The butterfly breeder is Shady Oak Farms, in Florida, which rears butterflies for release at events and for exhibits and educational settings such as classrooms. Pricing varies by species; the more common and easily reared butterflies such as Painted Ladies cost less than the larger and showier butterflies such as Swallowtails.

So far, the cost of insects and plants has come to $3,000.

Soder ordered a mixed bag of species depending on what was available at the time, at a cost of $140 to $300 per shipment. Except for Monarchs, adult butterflies live no longer than two weeks, so she ordered both adults and pupa, aka chrysalides.

We can initially have butterflies in the exhibit and also have some pupa that will be hatching within a week of the original arrival," she said of the shipments.

As the season progresses, Souder intends to focus on the Monarchs, Painted Ladies and all three species of Swallowtails. She will collect eggs and larva that are laid by the purchased adults and rear them at the nature center, cutting the cost of future shipments.

The Irvine Butterfly Enclosure isn't the only, or even the first, such enclosure in Baltimore, or even Maryland. Ladew Topiary Gardens, in Monkton, opened its 30- by 50-feet screened-in enclosure last year. It has proven to be a popular attraction.

"We saw other places [had enclosures]. We thought it would be a good fit for Ladew," said Sue Myers, Ladew teacher and naturalist, who notes that most of the 40,000 visitors the gardens welcome per season visit its butterfly enclosure.

"It's a wonderful hands-on experience.
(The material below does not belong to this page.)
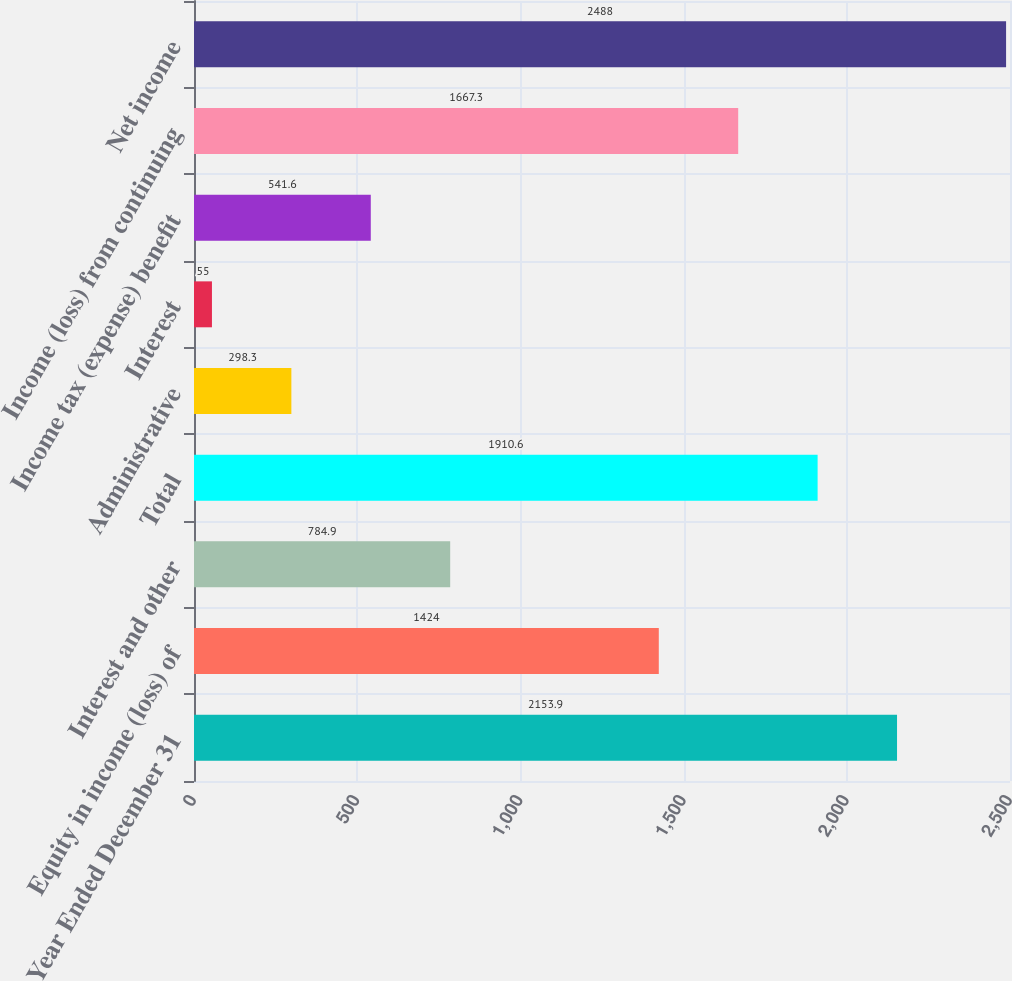Convert chart to OTSL. <chart><loc_0><loc_0><loc_500><loc_500><bar_chart><fcel>Year Ended December 31<fcel>Equity in income (loss) of<fcel>Interest and other<fcel>Total<fcel>Administrative<fcel>Interest<fcel>Income tax (expense) benefit<fcel>Income (loss) from continuing<fcel>Net income<nl><fcel>2153.9<fcel>1424<fcel>784.9<fcel>1910.6<fcel>298.3<fcel>55<fcel>541.6<fcel>1667.3<fcel>2488<nl></chart> 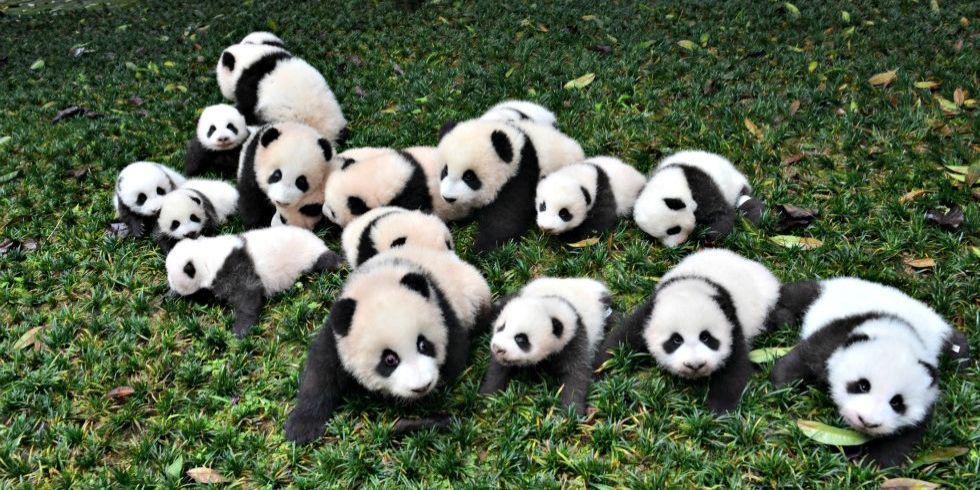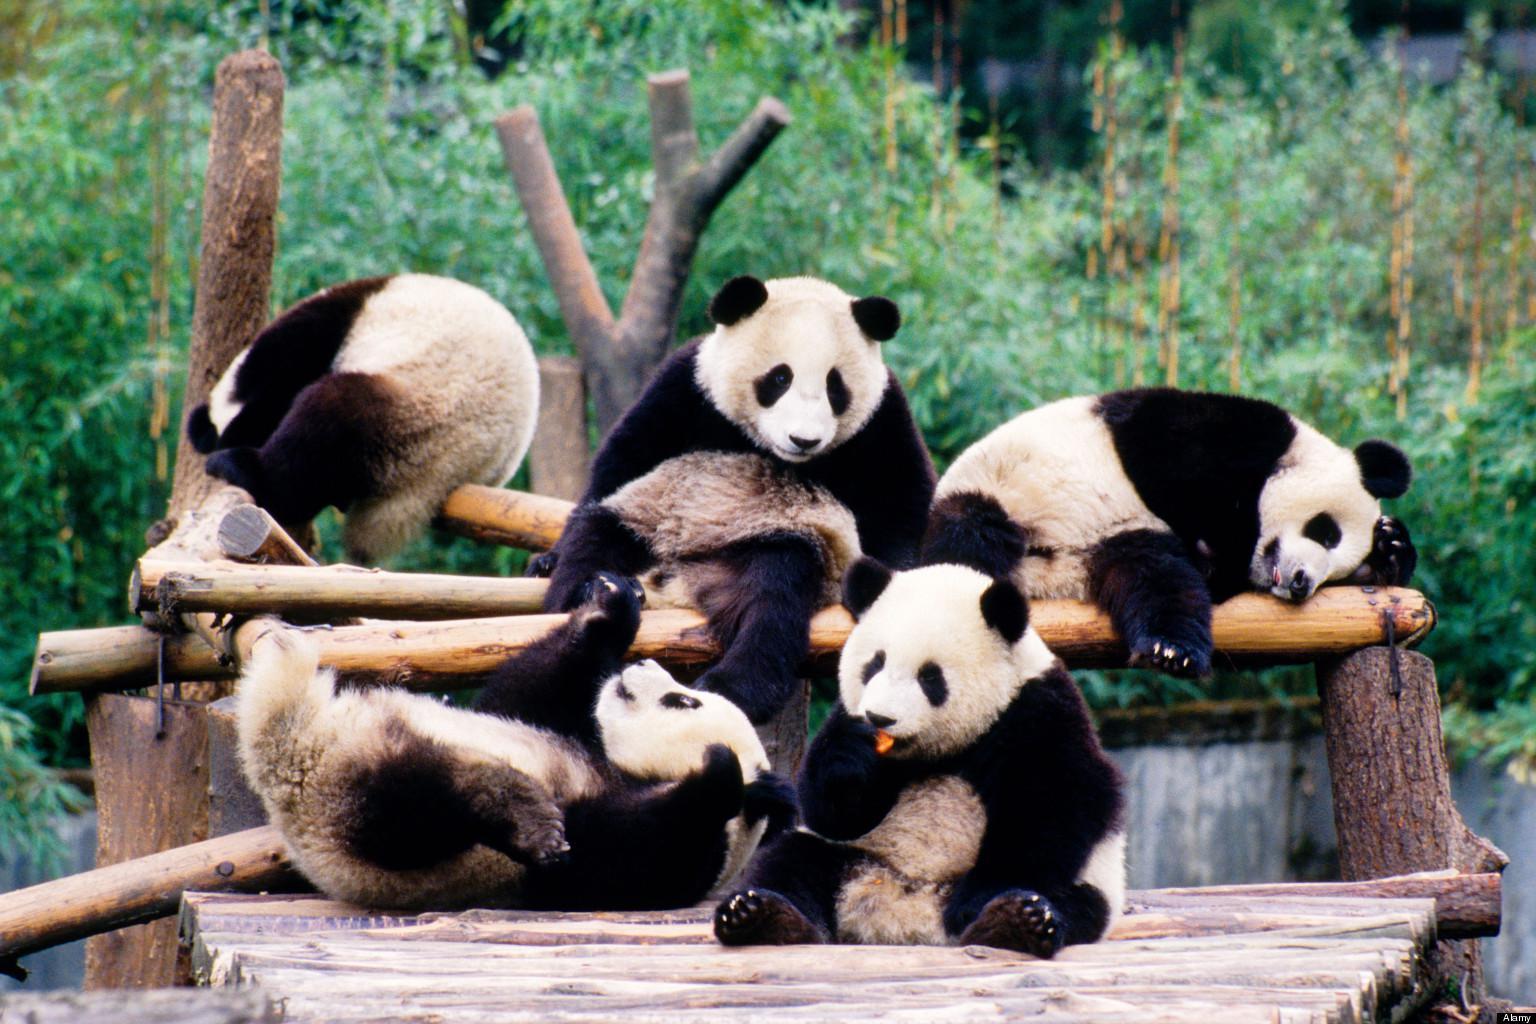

We have programming around the butterflies' life cycle and how they interact with plants," she said.

At Niagara Parks Butterfly Conservatory, curator Cheryl Tyndall estimates the indoor enclosure gets 300,000 visitors per year. The conservatory is part of the Niagara Parks Botanical Gardens, which opened in 1996, a portion of which is planted to attract butterflies.

"There are a number of butterfly conservatories and enclosures around the world, some much older than us. Great Britain has had them for decades," Tyndall said.

On a much smaller scale, she continued, "you see garden centers that have small enclosures with butterflies, to promote their plants and healthy habitats."

Likewise, the BioWorks Butterfly Garden, part of Tampa's Museum of Science and Industry, includes a screened-in enclosure. Both opened in 1995 and since then, incidentally, have been the scene for at least one wedding proposal per year.

Kristen Gilpin, outside coordinator, estimates the museum attracts half to three-quarters of a million visitors per year, of whom 75 percent visit the butterfly garden and enclosure.

"It matters to have an outdoor garden with butterflies so people can understand them in their habitat," she said. "The enclosure allows visitors to be close to butterflies they only see from a distance. We have an area in the enclosure where people can stand among the butterflies. They fall in love with them."

Butterfly enclosures are popular but they are not, say the experts, a trend. "I wouldn't say there are more of them than before," said Mary Mathias, of the Association of Science- Technology Centers, a Washington-D.C. based professional group for science centers, museums and related institutions.

At Irvine Nature Center, educational director Mardiney is planning a schedule of programs and events for the public and the center's summer camp revolving around the butterfly enclosure. Admission to Irvine Nature Center is free, as will be admission to the butterfly enclosure.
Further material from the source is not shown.